The girl could but laugh. “Truly, a Damascus carpet! ”
The laugh smote his heart like the ripple of soft fingers on a lute’s strings.
“ Aye, I will show it thee,” he stammered, amazed at his own daring.
“ What said the dancing-girl to thee at Immaburg ?” asked Rothilde abruptly.
But Brother Dominic could articulate nothing. As to many others, so it happened to him that, having often thought to see demons, now that one assailed him he did not recognize it. At the archway of the court where he lodged he paused. He heard behind him the girl’s breathing, and, observing no one, entered softly, hugging the wall’s shadow, suddenly full of resources.
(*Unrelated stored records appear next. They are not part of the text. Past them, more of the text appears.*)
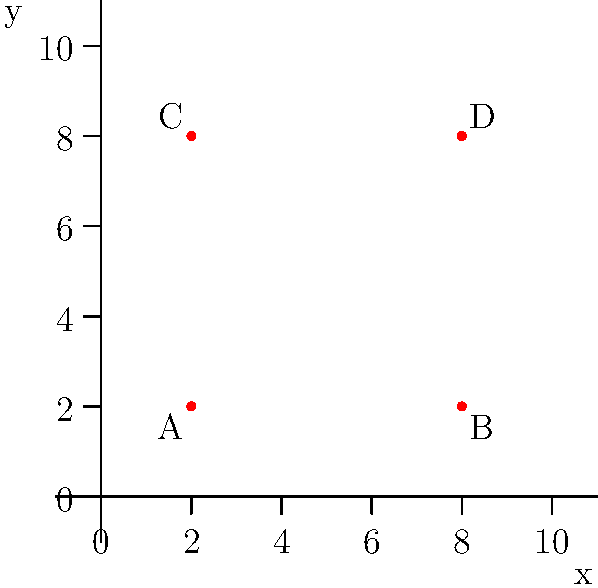As a wrestling promoter, you're planning a new arena layout. The coordinate grid above represents the seating area, where each unit equals 10 feet. Points A(2,2), B(8,2), C(2,8), and D(8,8) mark the corners of the optimal seating arrangement. Calculate the total area of the seating arrangement in square feet. To find the area of the seating arrangement, we need to follow these steps:

1. Identify the shape: The points form a square on the coordinate grid.

2. Calculate the side length:
   We can find this by calculating the distance between two adjacent points, such as A and B.
   Using the distance formula: $d = \sqrt{(x_2-x_1)^2 + (y_2-y_1)^2}$
   $d = \sqrt{(8-2)^2 + (2-2)^2} = \sqrt{36 + 0} = 6$ units

3. Convert units to feet:
   Each unit on the grid represents 10 feet, so the side length is:
   $6 \times 10 = 60$ feet

4. Calculate the area:
   Area of a square = side length squared
   $A = 60^2 = 3600$ square feet

Therefore, the total area of the seating arrangement is 3600 square feet.
Answer: 3600 square feet 
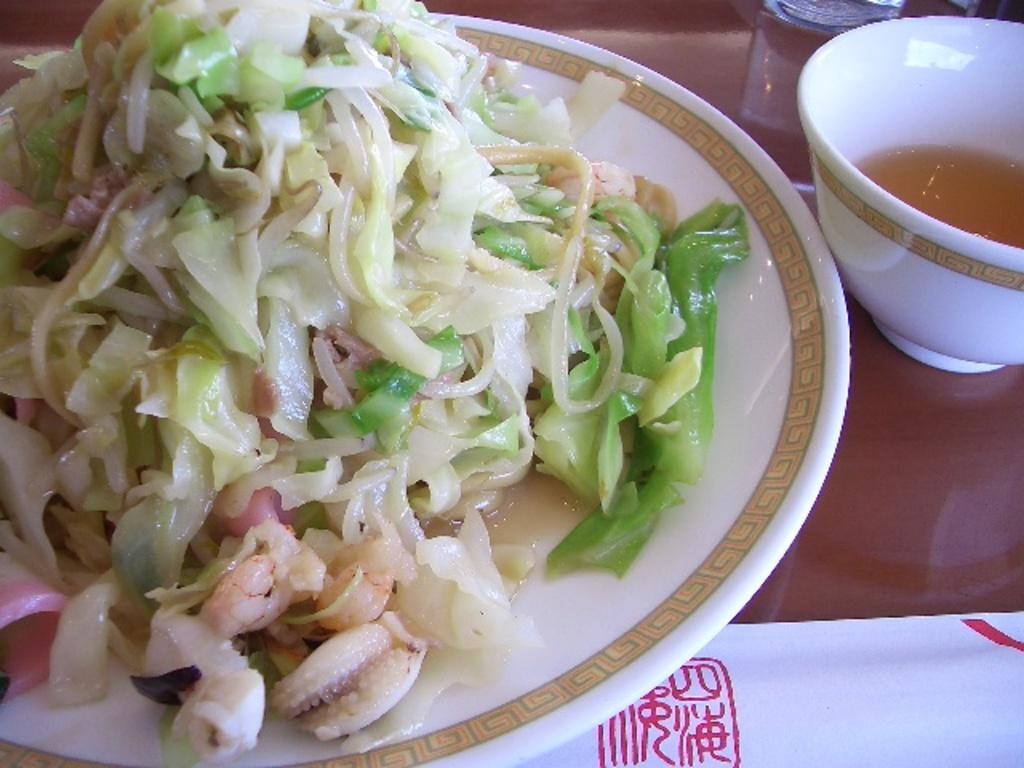How would you summarize this image in a sentence or two? There is an edible placed in the plate and there is a soup in the bowl placed beside it.

Before the narrow door of his room he hesitated, terrified at what he was doing. The girl pushed him aside, and entered.
A taper burned on the table. Uncovering her face, she glanced rapidly about her. Brother Dominic stood in the door. “ Listen,” she said, approaching him and pulling him within. “ I would see this Saxon. Bring him here to me, and leave us a little space.” Brother Dominic, a moment before ready to abandon this adventure, perceiving now that it was to see another she had come, stood stubbornly his ground. She laid her hand on his sleeve and smiled reassuringly. “ Then come again.” For such a smile the monk would certainly have gone to fetch Cerberus from the Acheron. “ Hasten,” she said, pushing him gently.
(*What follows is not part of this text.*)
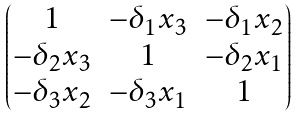<formula> <loc_0><loc_0><loc_500><loc_500>\begin{pmatrix} 1 & - \delta _ { 1 } x _ { 3 } & - \delta _ { 1 } x _ { 2 } \\ - \delta _ { 2 } x _ { 3 } & 1 & - \delta _ { 2 } x _ { 1 } \\ - \delta _ { 3 } x _ { 2 } & - \delta _ { 3 } x _ { 1 } & 1 \end{pmatrix}</formula> 
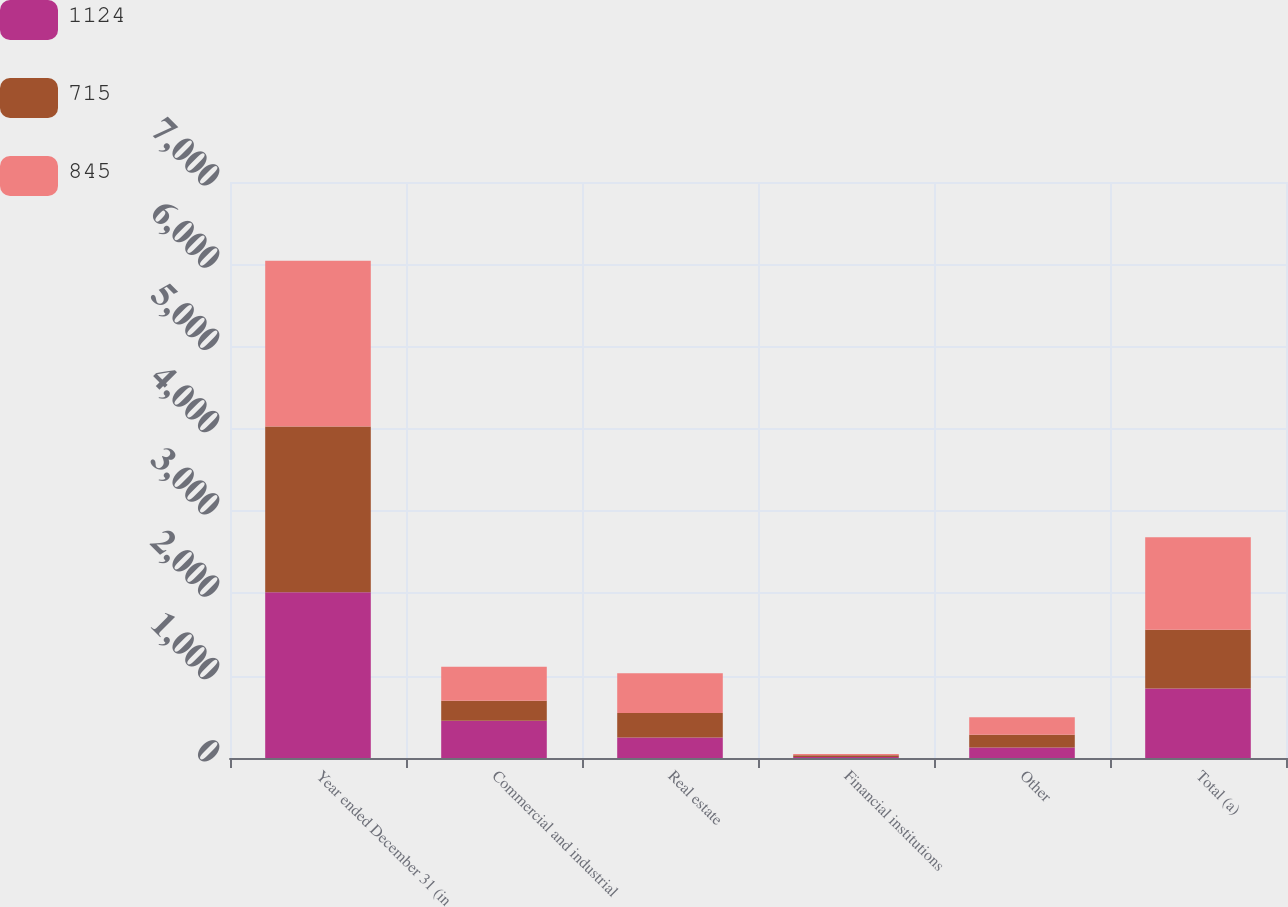Convert chart. <chart><loc_0><loc_0><loc_500><loc_500><stacked_bar_chart><ecel><fcel>Year ended December 31 (in<fcel>Commercial and industrial<fcel>Real estate<fcel>Financial institutions<fcel>Other<fcel>Total (a)<nl><fcel>1124<fcel>2015<fcel>453<fcel>250<fcel>13<fcel>129<fcel>845<nl><fcel>715<fcel>2014<fcel>243<fcel>297<fcel>20<fcel>155<fcel>715<nl><fcel>845<fcel>2013<fcel>412<fcel>484<fcel>17<fcel>211<fcel>1124<nl></chart>

When he had gone, the girl threw off her hood, removed her shoes, and surveyed herself eagerly. Her underskirt was short, closely fitted, and its points were tied with silver cords. Her neck was visible under a veil of tissue, fastened behind to her hair. Between the draperies of her outer tunic shone her girdle, set with garnets, and the silver lacings of her sandals, binding the stamped leather above her ankles. Satisfied with the result of her inspection, she stood waiting, her back against the door. Presently the door was pushed open, and Friedgis entered. As he crossed the sill, the girl, leaning against the door, closed it deftly and slid forward the bolt. Friedgis had at first seen no one ; then he uttered a suppressed cry of joy and surprise, and caught her in his arms.
XV.
Is there any one who, in years of ripeness, does not look back with wonder upon the things which charmed his childish fancy? And if. perchance, for any reason, he must needs feign an outgrown pleasure, what more vapid and wearisome than a former delight outlived and dispossessed of power? The shining flint contents no longer the eye which has seen the diamond’s lustre; the softest fleece chafes the limbs that have felt the touch of spun-silk raiment; and the heart that has fed in a king’s palace from the golden dishes of vanity and ambition, what palate hath it for things which once satisfied its unwhetted appetite? Far away, indeed, for Rothilde, were the wooden huts and sheep pastures of Bardengau. In Friedgis’ clasp, so strong with sudden, unfeigned joy, a thrill of revolt ran through her, as her body had shrunk from the touch of her serge garment. Yet she let him have his way, and clung to his neck, her head upon his breast, her blue eyes smiling under the pearl chaplet. It was a long journey from the camp at Ehresberg to this chamber at Aix, and she must needs go over it all with her lover, recounting, between his kisses, what had befallen her. There were questions to ask and to answer, a story to tell and to hear, and, after the first thirst of his heart was slaked, other questions hard to parry ; and while he gave her lips scarce time to speak, fearing to utter a sound, lest joy, like a frail vase, should break at a murmur, she smiled through her half-shut eyes and held her shrinking body still, with no thought but of Robert of Tours, no anxiety but to know how long a time the poor fool of a monk without would give her to accomplish her purpose.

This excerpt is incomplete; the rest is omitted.